### Directions for this task
Nothing but the lines from the one containing "Moving on to the person from (1042, 758)" through the end of the entries below should be set down, each exactly as written.

(Records from a collection)
· · · · · · ·

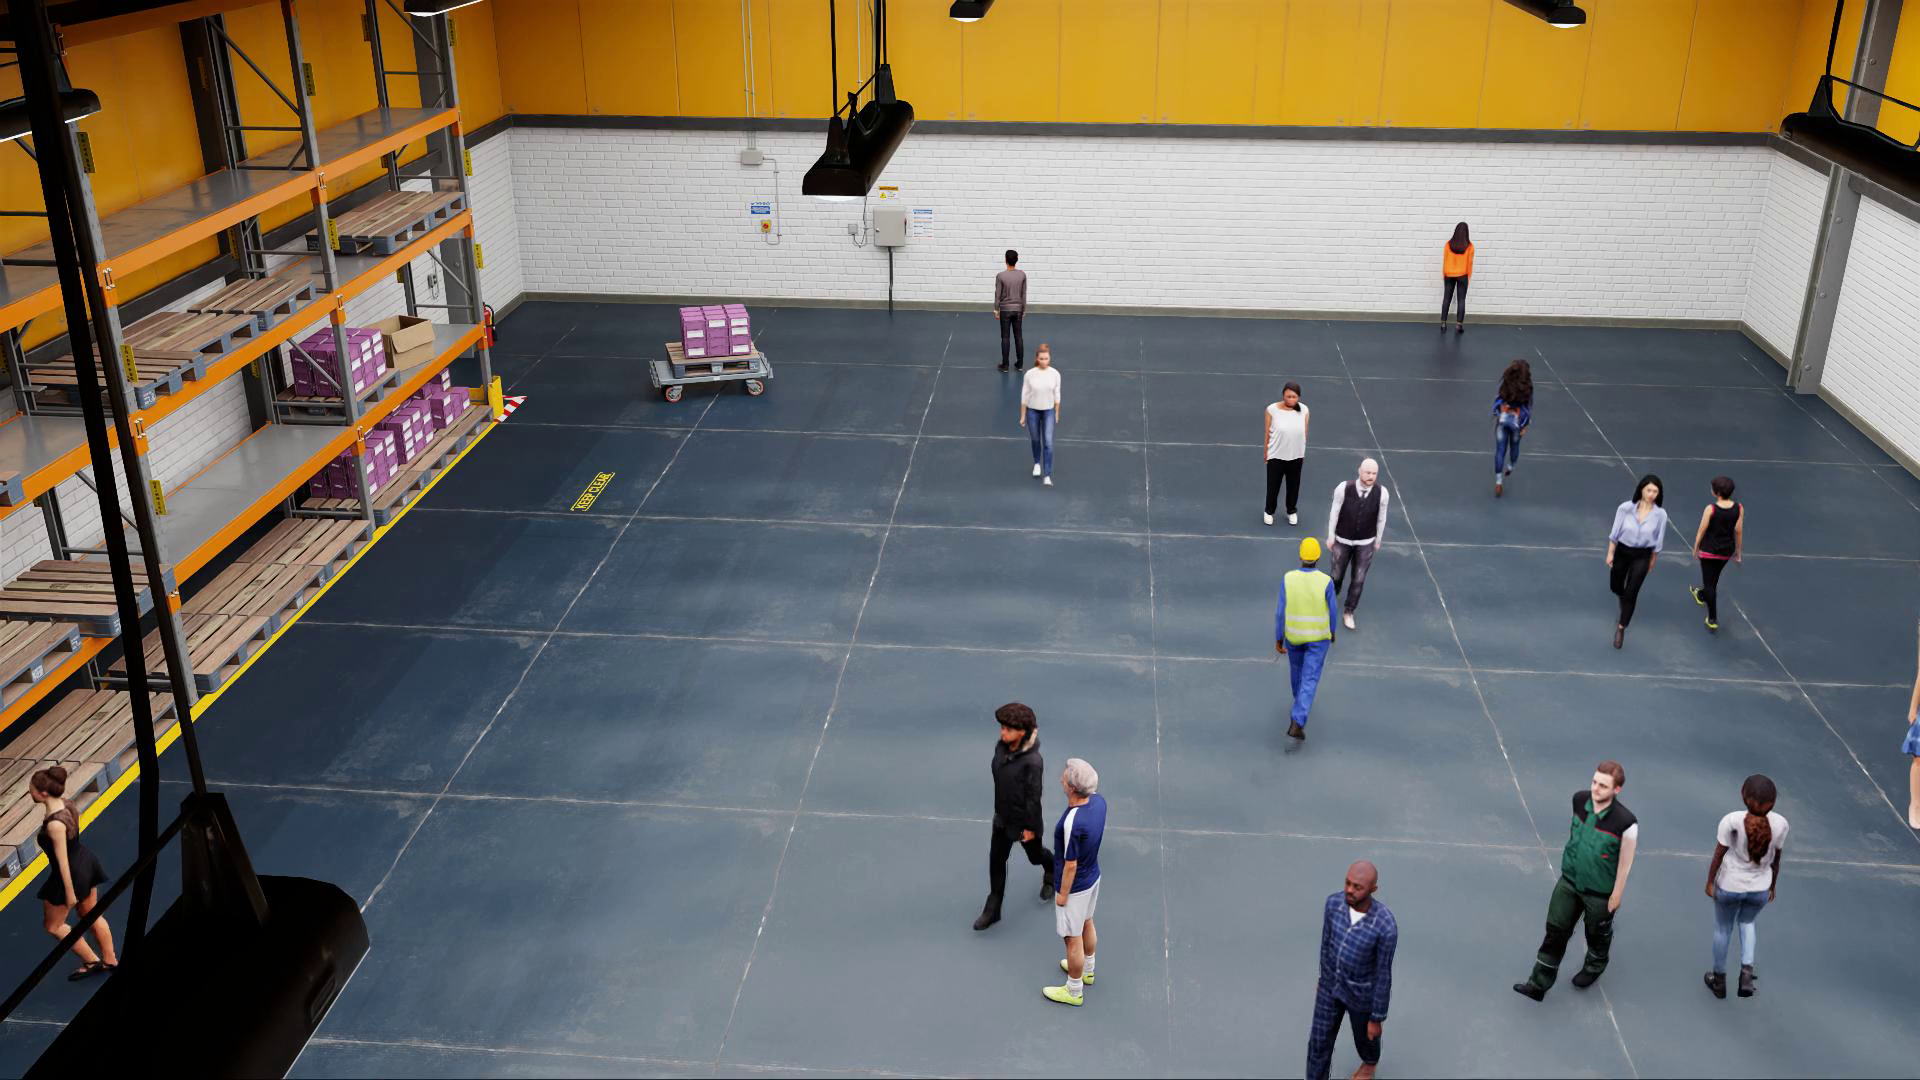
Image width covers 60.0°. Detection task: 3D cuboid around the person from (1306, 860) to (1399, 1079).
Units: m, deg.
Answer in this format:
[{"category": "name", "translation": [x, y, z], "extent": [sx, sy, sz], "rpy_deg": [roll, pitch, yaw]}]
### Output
[{"category": "person", "translation": [2.451, 2.724, 10.227], "extent": [1.095, 1.775, 1.258], "rpy_deg": [19, 30, 37]}]

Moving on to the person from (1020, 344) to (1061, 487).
[{"category": "person", "translation": [0.963, -1.535, 20.082], "extent": [0.649, 1.686, 1.020], "rpy_deg": [2, 24, 3]}]

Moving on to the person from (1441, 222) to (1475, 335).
[{"category": "person", "translation": [7.712, -4.078, 25.820], "extent": [0.703, 1.748, 0.707], "rpy_deg": [14, 27, 30]}]

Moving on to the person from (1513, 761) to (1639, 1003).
[{"category": "person", "translation": [4.302, 2.284, 11.198], "extent": [1.125, 1.803, 1.098], "rpy_deg": [-16, 29, -33]}]

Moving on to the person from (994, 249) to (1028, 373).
[{"category": "person", "translation": [0.740, -3.314, 24.052], "extent": [0.705, 1.765, 0.661], "rpy_deg": [-4, 24, -10]}]

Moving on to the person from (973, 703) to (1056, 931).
[{"category": "person", "translation": [0.484, 1.953, 12.020], "extent": [1.035, 1.750, 1.190], "rpy_deg": [19, 30, 36]}]

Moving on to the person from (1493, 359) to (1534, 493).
[{"category": "person", "translation": [6.517, -1.328, 19.757], "extent": [0.823, 1.566, 1.134], "rpy_deg": [9, 25, 21]}]

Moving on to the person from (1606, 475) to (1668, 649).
[{"category": "person", "translation": [6.539, 0.158, 16.166], "extent": [0.892, 1.720, 1.117], "rpy_deg": [11, 26, 24]}]

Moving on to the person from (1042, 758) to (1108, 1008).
[{"category": "person", "translation": [0.789, 2.275, 11.174], "extent": [0.766, 1.839, 0.621], "rpy_deg": [11, 26, 23]}]

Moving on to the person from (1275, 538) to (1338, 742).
[{"category": "person", "translation": [2.991, 0.882, 14.432], "extent": [0.899, 1.782, 1.268], "rpy_deg": [10, 25, 21]}]

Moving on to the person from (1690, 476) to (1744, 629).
[{"category": "person", "translation": [7.512, 0.146, 16.469], "extent": [0.632, 1.499, 1.039], "rpy_deg": [1, 24, 2]}]

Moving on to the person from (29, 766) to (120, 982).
[{"category": "person", "translation": [-5.983, 2.286, 11.366], "extent": [0.746, 1.665, 0.678], "rpy_deg": [-6, 24, -12]}]

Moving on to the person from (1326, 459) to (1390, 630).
[{"category": "person", "translation": [3.884, 0.002, 16.418], "extent": [0.700, 1.802, 0.797], "rpy_deg": [4, 24, 9]}]

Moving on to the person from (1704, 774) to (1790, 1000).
[{"category": "person", "translation": [5.260, 2.373, 11.109], "extent": [0.590, 1.712, 0.690], "rpy_deg": [2, 24, 5]}]

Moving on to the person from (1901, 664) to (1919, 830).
[{"category": "person", "translation": [7.750, 1.435, 13.153], "extent": [0.778, 1.792, 0.851], "rpy_deg": [9, 25, 19]}]

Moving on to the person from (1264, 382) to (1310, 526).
[{"category": "person", "translation": [3.703, -0.994, 18.843], "extent": [0.671, 1.686, 0.637], "rpy_deg": [-1, 24, -1]}]

· · · · · · ·

### Response to the task
Moving on to the person from (1042, 758) to (1108, 1008).
[{"category": "person", "translation": [0.789, 2.275, 11.174], "extent": [0.766, 1.839, 0.621], "rpy_deg": [11, 26, 23]}]

Moving on to the person from (1275, 538) to (1338, 742).
[{"category": "person", "translation": [2.991, 0.882, 14.432], "extent": [0.899, 1.782, 1.268], "rpy_deg": [10, 25, 21]}]

Moving on to the person from (1690, 476) to (1744, 629).
[{"category": "person", "translation": [7.512, 0.146, 16.469], "extent": [0.632, 1.499, 1.039], "rpy_deg": [1, 24, 2]}]

Moving on to the person from (29, 766) to (120, 982).
[{"category": "person", "translation": [-5.983, 2.286, 11.366], "extent": [0.746, 1.665, 0.678], "rpy_deg": [-6, 24, -12]}]

Moving on to the person from (1326, 459) to (1390, 630).
[{"category": "person", "translation": [3.884, 0.002, 16.418], "extent": [0.700, 1.802, 0.797], "rpy_deg": [4, 24, 9]}]

Moving on to the person from (1704, 774) to (1790, 1000).
[{"category": "person", "translation": [5.260, 2.373, 11.109], "extent": [0.590, 1.712, 0.690], "rpy_deg": [2, 24, 5]}]

Moving on to the person from (1901, 664) to (1919, 830).
[{"category": "person", "translation": [7.750, 1.435, 13.153], "extent": [0.778, 1.792, 0.851], "rpy_deg": [9, 25, 19]}]

Moving on to the person from (1264, 382) to (1310, 526).
[{"category": "person", "translation": [3.703, -0.994, 18.843], "extent": [0.671, 1.686, 0.637], "rpy_deg": [-1, 24, -1]}]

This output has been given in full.